Overall, the results underscore the importance of integrating environmental considerations and information-theoretic tools when assessing cryptocurrency markets under geopolitical stress. By linking sustainability, information dynamics, and adaptive efficiency, this study provides a broader framework for understanding how digital assets respond to extreme uncertainty. It offers insights relevant to investors, policymakers, and researchers concerned with the stability of emerging financial systems.

5. Conclusions and Implications

This study examines how cryptocurrency markets handle information and maintain resilience. We separate GCs, such as XRP, MATIC, XLM, and ADA, from DCs, such as BTC, ETH, BCH, ETC. The context is the geopolitical shock from the war between Russia and Ukraine. Traditional methods focus on volatility or linear correlations. We used complementary entropic tools instead. These included mutual information, approximate entropy, and the new dynamic estimator RLNNEE. These tools measure complexity and adaptability. They also track how information spreads during a crisis. The results show that geopolitical instability affects coins differently based on their structure. DCs showed stronger informational dependencies. Their prices changed more in sync during the war. This reflects a higher risk of system-wide failure. High integration into global markets explains this sensitivity. High liquidity plays a role, too. Their energy-intensive consensus mechanisms encourage copycat behaviour, leading to rapid shock transmission. GCs kept more fragmented information structures. Their entropy levels remained stable. This shows they adapt better and resist outside shocks. Investors might treat these assets differently during a crisis. Assets with high mutual information and unstable entropy attract synchronised speculation. This increases volatility and spreads adverse effects. GCs look like defensive assets. They are relatively predictable and react less to systemic shocks. This supports their role in diversification strategies for long-term strength.

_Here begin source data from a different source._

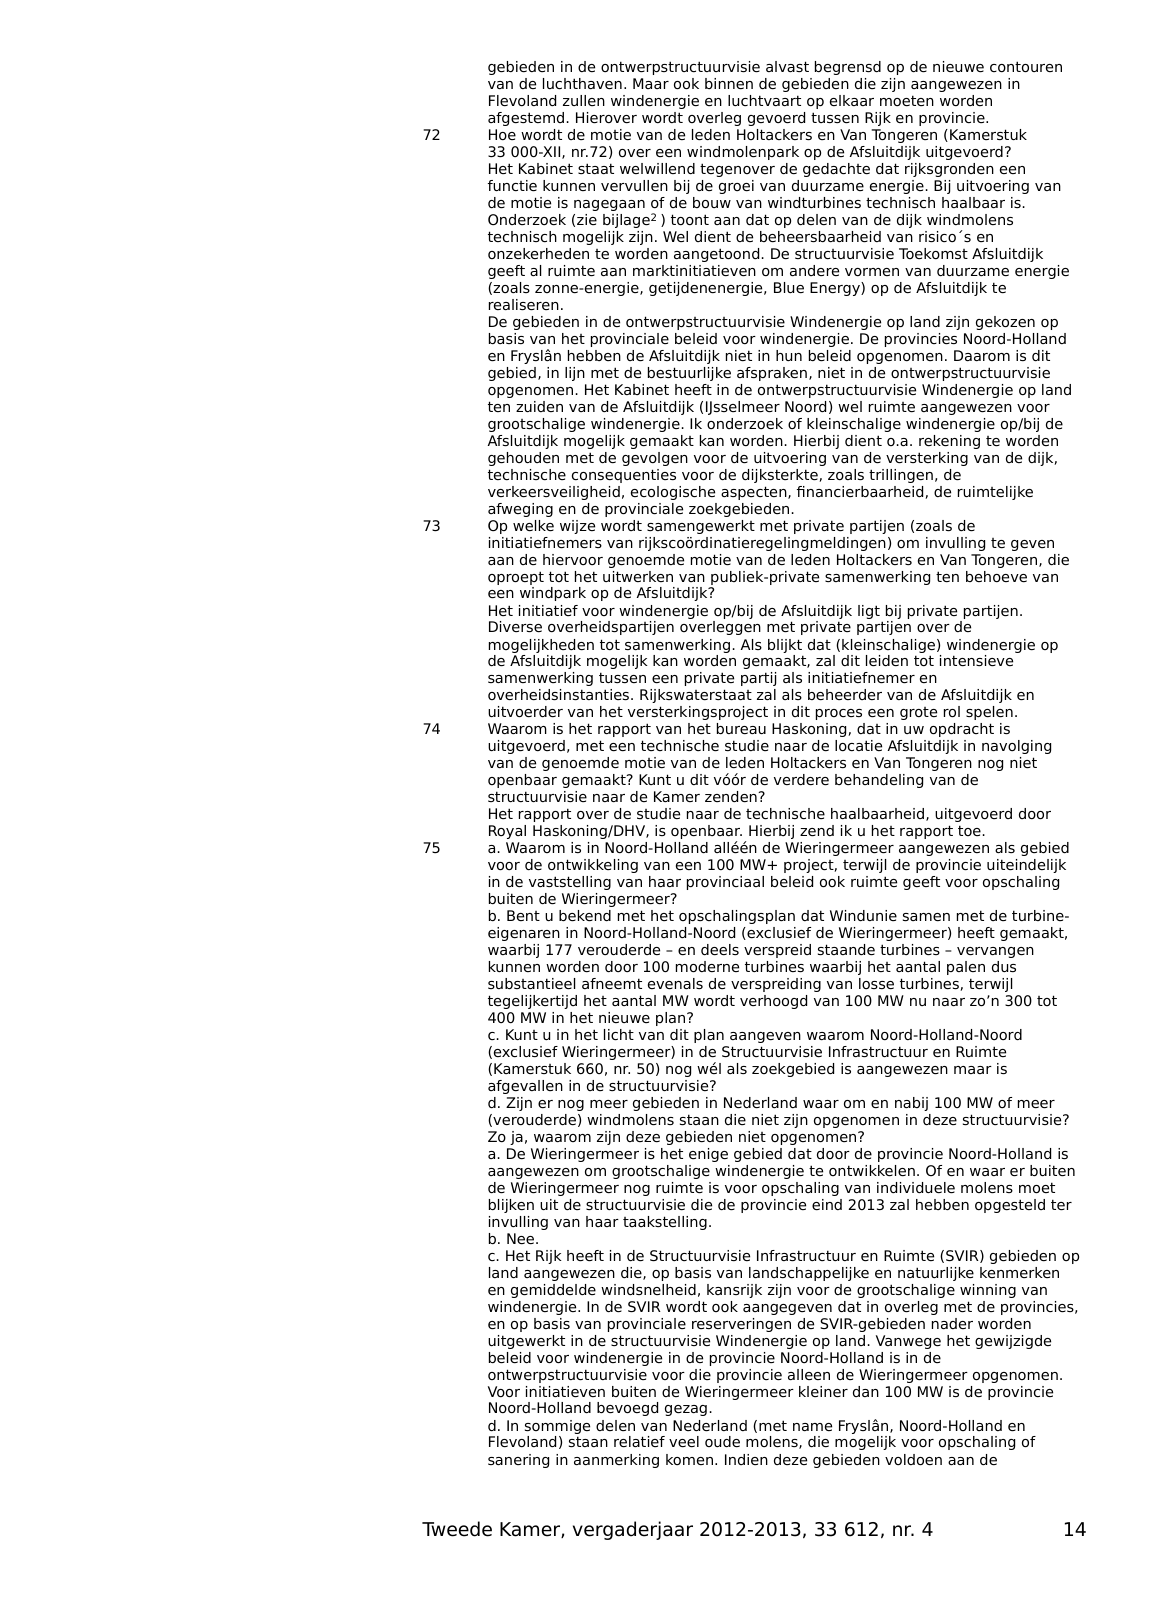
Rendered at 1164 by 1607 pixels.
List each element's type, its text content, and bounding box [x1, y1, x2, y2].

table_cell Hoe wordt de motie van de leden Holtackers en Van Tongeren (Kamerstuk 33 000-XII, nr.72) over een windmolenpark op de Afsluitdijk uitgevoerd? [481, 127, 1087, 161]
table_cell a. Waarom is in Noord-Holland alléén de Wieringermeer aangewezen als gebied voor de ontwikkeling van een 100 MW+ project, terwijl de provincie uiteindelijk in de vaststelling van haar provinciaal beleid ook ruimte geeft voor opschaling buiten de Wieringermeer? b. Bent u bekend met het opschalingsplan dat Windunie samen met de turbine-eigenaren in Noord-Holland-Noord (exclusief de Wieringermeer) heeft gemaakt, waarbij 177 verouderde – en deels verspreid staande turbines – vervangen kunnen worden door 100 moderne turbines waarbij het aantal palen dus substantieel afneemt evenals de verspreiding van losse turbines, terwijl tegelijkertijd het aantal MW wordt verhoogd van 100 MW nu naar zo’n 300 tot 400 MW in het nieuwe plan? c. Kunt u in het licht van dit plan aangeven waarom Noord-Holland-Noord (exclusief Wieringermeer) in de Structuurvisie Infrastructuur en Ruimte (Kamerstuk 660, nr. 50) nog wél als zoekgebied is aangewezen maar is afgevallen in de structuurvisie? d. Zijn er nog meer gebieden in Nederland waar om en nabij 100 MW of meer (verouderde) windmolens staan die niet zijn opgenomen in deze structuurvisie? Zo ja, waarom zijn deze gebieden niet opgenomen? [481, 840, 1087, 1146]
table_cell Het rapport over de studie naar de technische haalbaarheid, uitgevoerd door Royal Haskoning/DHV, is openbaar. Hierbij zend ik u het rapport toe. [481, 806, 1087, 840]
table_cell 75 [422, 840, 481, 1146]
table_cell Op welke wijze wordt samengewerkt met private partijen (zoals de initiatiefnemers van rijkscoördinatieregelingmeldingen) om invulling te geven aan de hiervoor genoemde motie van de leden Holtackers en Van Tongeren, die oproept tot het uitwerken van publiek-private samenwerking ten behoeve van een windpark op de Afsluitdijk? [481, 518, 1087, 602]
table_cell Het Kabinet staat welwillend tegenover de gedachte dat rijksgronden een functie kunnen vervullen bij de groei van duurzame energie. Bij uitvoering van de motie is nagegaan of de bouw van windturbines technisch haalbaar is. Onderzoek (zie bijlage2) toont aan dat op delen van de dijk windmolens technisch mogelijk zijn. Wel dient de beheersbaarheid van risico´s en onzekerheden te worden aangetoond. De structuurvisie Toekomst Afsluitdijk geeft al ruimte aan marktinitiatieven om andere vormen van duurzame energie (zoals zonne-energie, getijdenenergie, Blue Energy) op de Afsluitdijk te realiseren. De gebieden in de ontwerpstructuurvisie Windenergie op land zijn gekozen op basis van het provinciale beleid voor windenergie. De provincies Noord-Holland en Fryslân hebben de Afsluitdijk niet in hun beleid opgenomen. Daarom is dit gebied, in lijn met de bestuurlijke afspraken, niet in de ontwerpstructuurvisie opgenomen. Het Kabinet heeft in de ontwerpstructuurvisie Windenergie op land ten zuiden van de Afsluitdijk (IJsselmeer Noord) wel ruimte aangewezen voor grootschalige windenergie. Ik onderzoek of kleinschalige windenergie op/bij de Afsluitdijk mogelijk gemaakt kan worden. Hierbij dient o.a. rekening te worden gehouden met de gevolgen voor de uitvoering van de versterking van de dijk, technische consequenties voor de dijksterkte, zoals trillingen, de verkeersveiligheid, ecologische aspecten, financierbaarheid, de ruimtelijke afweging en de provinciale zoekgebieden. [481, 161, 1087, 517]
table_cell 73 [422, 518, 481, 602]
table_cell [422, 59, 481, 127]
table_cell 72 [422, 127, 481, 161]
table_cell Waarom is het rapport van het bureau Haskoning, dat in uw opdracht is uitgevoerd, met een technische studie naar de locatie Afsluitdijk in navolging van de genoemde motie van de leden Holtackers en Van Tongeren nog niet openbaar gemaakt? Kunt u dit vóór de verdere behandeling van de structuurvisie naar de Kamer zenden? [481, 721, 1087, 806]
table_cell [422, 1146, 481, 1468]
table_cell [422, 603, 481, 721]
table_cell gebieden in de ontwerpstructuurvisie alvast begrensd op de nieuwe contouren van de luchthaven. Maar ook binnen de gebieden die zijn aangewezen in Flevoland zullen windenergie en luchtvaart op elkaar moeten worden afgestemd. Hierover wordt overleg gevoerd tussen Rijk en provincie. [481, 59, 1087, 127]
table_cell [422, 161, 481, 517]
table_cell [422, 806, 481, 840]
table_cell 74 [422, 721, 481, 806]
table_cell a. De Wieringermeer is het enige gebied dat door de provincie Noord-Holland is aangewezen om grootschalige windenergie te ontwikkelen. Of en waar er buiten de Wieringermeer nog ruimte is voor opschaling van individuele molens moet blijken uit de structuurvisie die de provincie eind 2013 zal hebben opgesteld ter invulling van haar taakstelling. b. Nee. c. Het Rijk heeft in de Structuurvisie Infrastructuur en Ruimte (SVIR) gebieden op land aangewezen die, op basis van landschappelijke en natuurlijke kenmerken en gemiddelde windsnelheid, kansrijk zijn voor de grootschalige winning van windenergie. In de SVIR wordt ook aangegeven dat in overleg met de provincies, en op basis van provinciale reserveringen de SVIR-gebieden nader worden uitgewerkt in de structuurvisie Windenergie op land. Vanwege het gewijzigde beleid voor windenergie in de provincie Noord-Holland is in de ontwerpstructuurvisie voor die provincie alleen de Wieringermeer opgenomen. Voor initiatieven buiten de Wieringermeer kleiner dan 100 MW is de provincie Noord-Holland bevoegd gezag. d. In sommige delen van Nederland (met name Fryslân, Noord-Holland en Flevoland) staan relatief veel oude molens, die mogelijk voor opschaling of sanering in aanmerking komen. Indien deze gebieden voldoen aan de [481, 1146, 1087, 1468]
table_cell Het initiatief voor windenergie op/bij de Afsluitdijk ligt bij private partijen. Diverse overheidspartijen overleggen met private partijen over de mogelijkheden tot samenwerking. Als blijkt dat (kleinschalige) windenergie op de Afsluitdijk mogelijk kan worden gemaakt, zal dit leiden tot intensieve samenwerking tussen een private partij als initiatiefnemer en overheidsinstanties. Rijkswaterstaat zal als beheerder van de Afsluitdijk en uitvoerder van het versterkingsproject in dit proces een grote rol spelen. [481, 603, 1087, 721]

The implications for sustainable finance matter. Environmental sustainability is more than a non-financial metric. It directly changes the informational properties and stability of digital assets. GCs offer options for institutional investors. These investors can incorporate ESG factors while maintaining strong portfolios. Regulators should treat crypto-assets differently based on these findings. They should look at energy footprints and behaviour during stress, not just market cap or liquidity. Protocol developers and issuers should focus on efficient consensus mechanisms to improve project credibility. This makes them more attractive over time. These results challenge the Efficient Market Hypothesis. They show that the efficiency and complexity of cryptocurrencies vary across market regimes. Structural characteristics matter too. The findings align better with the Adaptive Markets Hypothesis. This theory states that investor behaviour and market structure evolve. Economic and geopolitical conditions drive these changes.

The study has limitations. We analysed a small sample of major cryptocurrencies. The period covered a specific geopolitical crisis. Future research could look at other digital asset classes. It could study different stress periods. Researchers might combine entropic measures with detailed behavioural and ESG indicators. The proposed approach proves that dynamic entropy tools are useful even with these limits. The RLNNEE helps analyse market resilience in uncertain environments.